Par conséquent si la plante prend toute autre situation, il faut que la tige et la racine se redressent d'elles-mêmes : mais quelle est la force qui produit ce changement ? est-ce que la tige étant moins chargée dans le sens perpendiculaire, doit naturellement se lever dans le sens où elle trouve le moins d'obstacles ? Mais la racine devrait, par la même raison, se lever perpendiculairement de bas en haut, au lieu de descendre comme elle fait.

M. Dodart a donc eu recours à une autre explication pour ces deux actions si différentes.

Il suppose que les fibres des tiges sont de telle nature qu'elles se raccourcissent par la chaleur du soleil, et s'allongent par l'humidité de la terre, et qu'au contraire celles des racines se raccourcissent par l'humidité de la terre, et s'allongent par la chaleur du soleil.

Selon cette hypothèse, quand la plante est renversée et la racine par conséquent enhaut, les fibres d'un même écheveau, qui fait une des branches de la racine, ne sont pas également exposées à l'humidité de la terre ; celles qui regardent en enbas le sont plus que les supérieures. Les fibres inférieures doivent donc se raccourcir davantage, et ce raccourcissement est encore facilité par l'allongement des supérieures, sur lesquelles le soleil agit avec plus de force. Par conséquent cette branche entière de racine se rabat du côté de la terre, et comme il n'est rien de plus délié qu'une racine naissante, elle ne trouve point de difficulté à s'insinuer dans les pores d'une terre qui serait même assez compacte, et cela d'autant moins qu'elle peut gauchir en tout sens, pour trouver les pores les plus voisins de la perpendiculaire. En renversant cette idée, M. Dodart explique pourquoi au contraire la tige se redresse : en un mot, on peut imaginer que la terre attire à elle la racine, et que le soleil contribue à la laisser aller ; qu'au contraire le soleil attire la tige à lui, et que la terre l'envoye en quelque sorte vers le soleil.

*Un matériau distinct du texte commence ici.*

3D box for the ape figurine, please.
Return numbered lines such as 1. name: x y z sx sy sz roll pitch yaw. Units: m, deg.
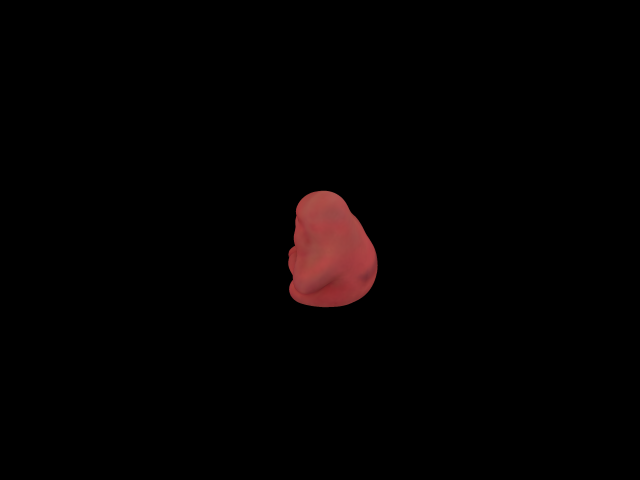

A l'égard du second redressement, savoir du redressement de la tige en plein air, M. Dodart l'attribue à l'impression des agens extérieurs, principalement du soleil et de la pluie, car la partie supérieure d'une tige pliée est plus exposée à la pluie, à la rosée, et même au soleil, que la partie inférieure : or la structure des fibres peut être telle que ces deux causes, savoir l'humidité et la chaleur, tendent également à redresser la partie qui est la plus exposée à leur action, par l'accourcissement qu'elles produisent successivement dans cette partie : car l'humidité accourcit les fibres en gonflant, et la chaleur en dissipant. Il est vrai qu'on ne peut deviner quelle doit être la structure des fibres pour qu'elles aient ces deux différentes qualités.

M. de la Live explique ce même phénomène de la manière suivante : il connait que dans les plantes la racine tire un suc plus grossier et plus pesant, et la tige au contraire et les branches un suc plus fin et plus volatil ; et en effet, la racine passe chez tous les Physiciens pour l'estomac de la plante, où les sucs terrestres se digèrent et subtilisent au point de pouvoir ensuite s'élever jusqu'aux extrémités des branches. Cette différence des sucs suppose de plus grands pores dans la racine que dans la tige et dans les branches, en un mot une différente contexture ; et cette différence de tissu doit se trouver, les proportions gardées, jusque dans la petite plante invisible que la graine renferme. Il faut donc imaginer dans cette petite plante, comme un point de partage, tel que tout ce qui sera d'un côté, c'est-à-dire, si l'on veut, la racine, se développera par des sucs plus grossiers qui y pénetreront, et tout ce qui sera de l'autre par des sucs plus subtils.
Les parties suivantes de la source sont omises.